Naamgeving
Indische gans (Anser indicus). E: Bar-headed Goose, D: Streifengans, F: Oie à tête barrée.
Uiterlijk
Deze opvallende exoot is herkenbaar aan het wit-grijze verenkleed en de dubbele zwarte streep op de kop. De soort komt oorspronkelijk uit Midden-Azië en is bekend om zijn vermogen om op extreem grote hoogte, over de Himalaya, te vliegen tijdens de trek.
Lengte: ± 68–78 cm
Spanwijdte: ± 142–186 cm
Biotoop en leefwijze
Indische ganzen zijn verwilderde vogels die oorspronkelijk uit watervogelcollecties komen. Ze trekken vaak op met grauwe ganzen en soepganzen en broeden in Nederland, met name in het rivierengebied (zoals Utrecht). Ze kiezen halfopen landschappen met moeras, struweel en riet voor hun broedplaatsen, vaak moeilijk bereikbaar. Nestlocaties zijn vaak op de grond, goed verborgen in riet of onder struiken. Langs de Lek broeden ze ook op kribben en stuweilanden. Paren zijn honkvast.
Ruiperiode
Half juni – eind juli
Broedwijze
Semikoloniaal – koloniaal
Indische ganzen broeden zowel solitair als in kolonies, soms samen met andere soorten zoals grauwe ganzen of soepganzen. In Nederland begint de eileg eerder dan in hun natuurlijke broedgebied (China, Tibet en Mongolië), vermoedelijk door het mildere klimaat.

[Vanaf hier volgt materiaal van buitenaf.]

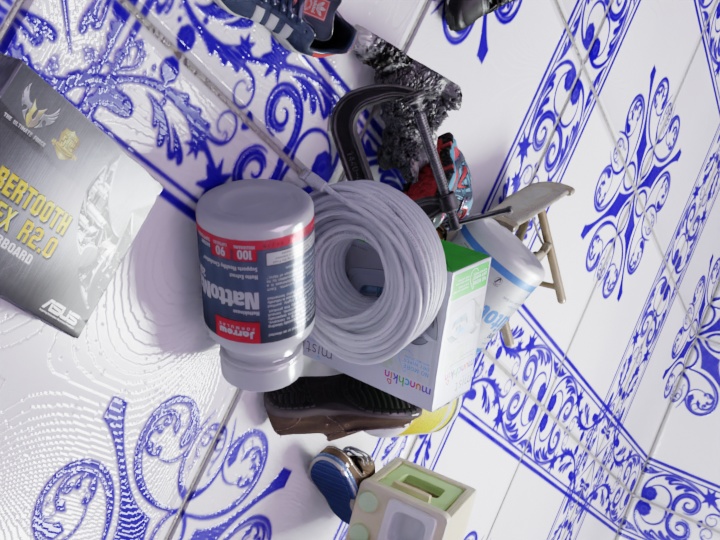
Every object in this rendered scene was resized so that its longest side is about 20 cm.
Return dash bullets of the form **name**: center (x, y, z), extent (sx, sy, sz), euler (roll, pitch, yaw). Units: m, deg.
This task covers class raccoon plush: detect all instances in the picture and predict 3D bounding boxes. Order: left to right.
- **raccoon plush**: center (0.027, -0.195, 1.214), extent (0.199, 0.097, 0.135), euler (25, 100, -30)

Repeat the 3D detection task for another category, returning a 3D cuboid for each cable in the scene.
- **cable**: center (0.000, 0.000, 1.129), extent (0.069, 0.199, 0.201), euler (-22, 128, -54)

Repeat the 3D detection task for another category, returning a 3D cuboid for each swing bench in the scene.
- **swing bench**: center (0.223, -0.022, 1.543), extent (0.198, 0.129, 0.202), euler (-27, 123, -48)

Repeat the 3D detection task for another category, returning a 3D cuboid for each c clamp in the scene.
- **c clamp**: center (0.061, -0.129, 1.169), extent (0.201, 0.170, 0.027), euler (64, 19, -13)

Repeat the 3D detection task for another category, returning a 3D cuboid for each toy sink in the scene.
- **toy sink**: center (0.060, 0.341, 1.358), extent (0.200, 0.130, 0.113), euler (-14, 121, -66)

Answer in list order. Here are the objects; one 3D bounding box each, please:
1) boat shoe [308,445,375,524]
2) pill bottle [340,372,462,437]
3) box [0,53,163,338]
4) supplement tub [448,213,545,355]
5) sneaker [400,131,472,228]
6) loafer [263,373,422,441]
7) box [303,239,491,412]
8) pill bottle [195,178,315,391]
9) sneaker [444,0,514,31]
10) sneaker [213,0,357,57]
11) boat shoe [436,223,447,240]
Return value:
- **boat shoe**: center (-0.019, 0.280, 1.389), extent (0.073, 0.072, 0.201), euler (-59, 157, -27)
- **pill bottle**: center (0.050, 0.170, 1.386), extent (0.200, 0.112, 0.113), euler (10, 98, -59)
- **box**: center (-0.266, -0.054, 0.828), extent (0.159, 0.048, 0.200), euler (-62, 148, -13)
- **supplement tub**: center (0.141, 0.035, 1.373), extent (0.200, 0.132, 0.132), euler (-51, 153, 16)
- **sneaker**: center (0.112, -0.098, 1.284), extent (0.096, 0.079, 0.200), euler (52, 30, -20)
- **loafer**: center (-0.023, 0.169, 1.249), extent (0.073, 0.198, 0.071), euler (-98, -164, -47)
- **box**: center (0.041, 0.045, 1.219), extent (0.096, 0.199, 0.178), euler (-19, 124, -51)
- **pill bottle**: center (-0.105, 0.019, 1.051), extent (0.119, 0.119, 0.201), euler (-33, 132, -45)
- **sneaker**: center (0.186, -0.381, 1.318), extent (0.200, 0.087, 0.076), euler (-52, 145, -27)
- **sneaker**: center (-0.070, -0.264, 0.985), extent (0.200, 0.084, 0.076), euler (18, 92, -59)
- **boat shoe**: center (0.084, -0.046, 1.363), extent (0.200, 0.068, 0.072), euler (-41, 137, -41)
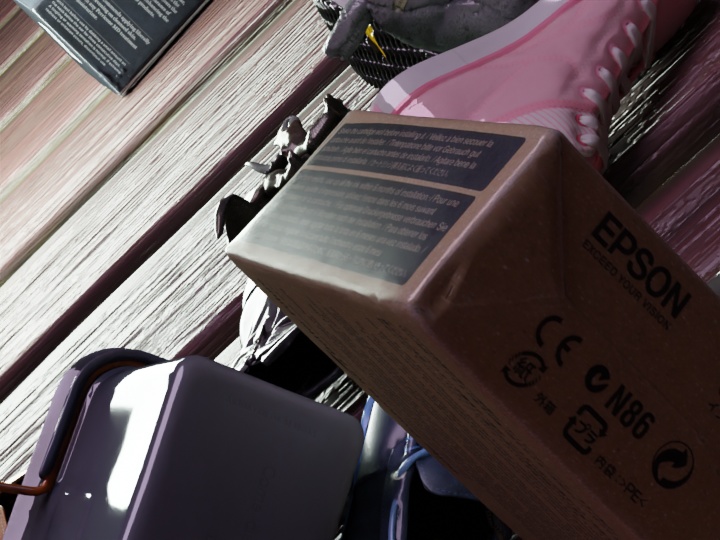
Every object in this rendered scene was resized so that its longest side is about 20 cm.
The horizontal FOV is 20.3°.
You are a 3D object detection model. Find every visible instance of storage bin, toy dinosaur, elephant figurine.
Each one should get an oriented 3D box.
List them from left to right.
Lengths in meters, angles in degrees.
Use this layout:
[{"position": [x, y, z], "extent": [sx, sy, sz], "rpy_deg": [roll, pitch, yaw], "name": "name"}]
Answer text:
[{"position": [-0.083, 0.123, 0.805], "extent": [0.134, 0.145, 0.201], "rpy_deg": [-31, 39, 67], "name": "storage bin"}, {"position": [-0.037, -0.038, 1.174], "extent": [0.102, 0.077, 0.200], "rpy_deg": [-51, 6, 32], "name": "toy dinosaur"}, {"position": [0.099, -0.185, 1.123], "extent": [0.154, 0.143, 0.200], "rpy_deg": [17, 21, 27], "name": "elephant figurine"}]

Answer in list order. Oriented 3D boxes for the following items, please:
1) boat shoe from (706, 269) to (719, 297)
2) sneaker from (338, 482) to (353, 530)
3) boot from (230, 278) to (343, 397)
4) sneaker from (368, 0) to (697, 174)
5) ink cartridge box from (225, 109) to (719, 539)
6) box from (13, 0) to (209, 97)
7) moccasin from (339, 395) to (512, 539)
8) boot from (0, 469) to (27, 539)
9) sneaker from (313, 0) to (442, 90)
[{"position": [0.178, 0.015, 0.672], "extent": [0.201, 0.072, 0.061], "rpy_deg": [-7, 40, 55], "name": "boat shoe"}, {"position": [-0.065, 0.104, 0.991], "extent": [0.200, 0.071, 0.098], "rpy_deg": [-31, 28, 40], "name": "sneaker"}, {"position": [0.000, 0.000, 1.053], "extent": [0.200, 0.070, 0.132], "rpy_deg": [-51, 12, 24], "name": "boot"}, {"position": [0.110, -0.084, 1.004], "extent": [0.199, 0.076, 0.105], "rpy_deg": [-30, 56, -18], "name": "sneaker"}, {"position": [0.069, 0.040, 0.664], "extent": [0.075, 0.200, 0.165], "rpy_deg": [-50, 22, -9], "name": "ink cartridge box"}, {"position": [-0.223, -0.290, 1.943], "extent": [0.197, 0.124, 0.200], "rpy_deg": [-46, 21, -3], "name": "box"}, {"position": [0.038, 0.101, 0.815], "extent": [0.068, 0.080, 0.201], "rpy_deg": [-15, 52, 49], "name": "moccasin"}, {"position": [-0.256, 0.164, 1.247], "extent": [0.155, 0.077, 0.200], "rpy_deg": [-43, 24, 17], "name": "boot"}, {"position": [0.041, -0.168, 1.298], "extent": [0.090, 0.070, 0.200], "rpy_deg": [-35, 19, -11], "name": "sneaker"}]

Er zijn ook kruisingen waargenomen met grauwe ganzen, soepganzen en brandganzen.
Voortplanting
- Broedperiode: begin april – eind juni
In Nederland leggen Indische ganzen eieren tussen begin april en eind mei. De meeste jongen komen uit in de vierde week van mei. In Zuid-Holland valt de broedperiode voornamelijk in mei en juni.
Voedsel
Indische ganzen eten hoofdzakelijk grassen.
Voorkomen
Indische ganzen komen in alle provincies van Nederland voor. In 2005 werd het aantal broedparen geschat op 100; tegenwoordig ligt dat rond de 150. De totale populatie wordt geschat op 300–400 exemplaren.
Bejaging
Beheer en eventuele bejaging van Indische ganzen gebeurt op provinciaal niveau.
Literatuur
- van Dorst (2011). Teldata en methode voor overzomerende ganzen in Nederland. Wageningen University.
- van Horssen, P. & Lensink, R. (2000). Een snelle toename van de Indische Gans in Nederland. Limosa 73(3), 97–104.
- van der Jeugd H.P. et al. (2006a). Overzomerende ganzen in Nederland – grenzen aan de groei. Sovon-onderzoeksrapport 2006/02.
- Lensink, R. & P. van Horssen (2002). Indische gans Anser indicus. In: Atlas van de Nederlandse broedvogels. De Nederlandse fauna, dl. V. Naturalis/KNNV, Leiden, Utrecht, p. 102–103.
- Lensink et al. (2010). Faunabeheerplan zomerganzen Zuid-Holland. Rapportnr. 09-115.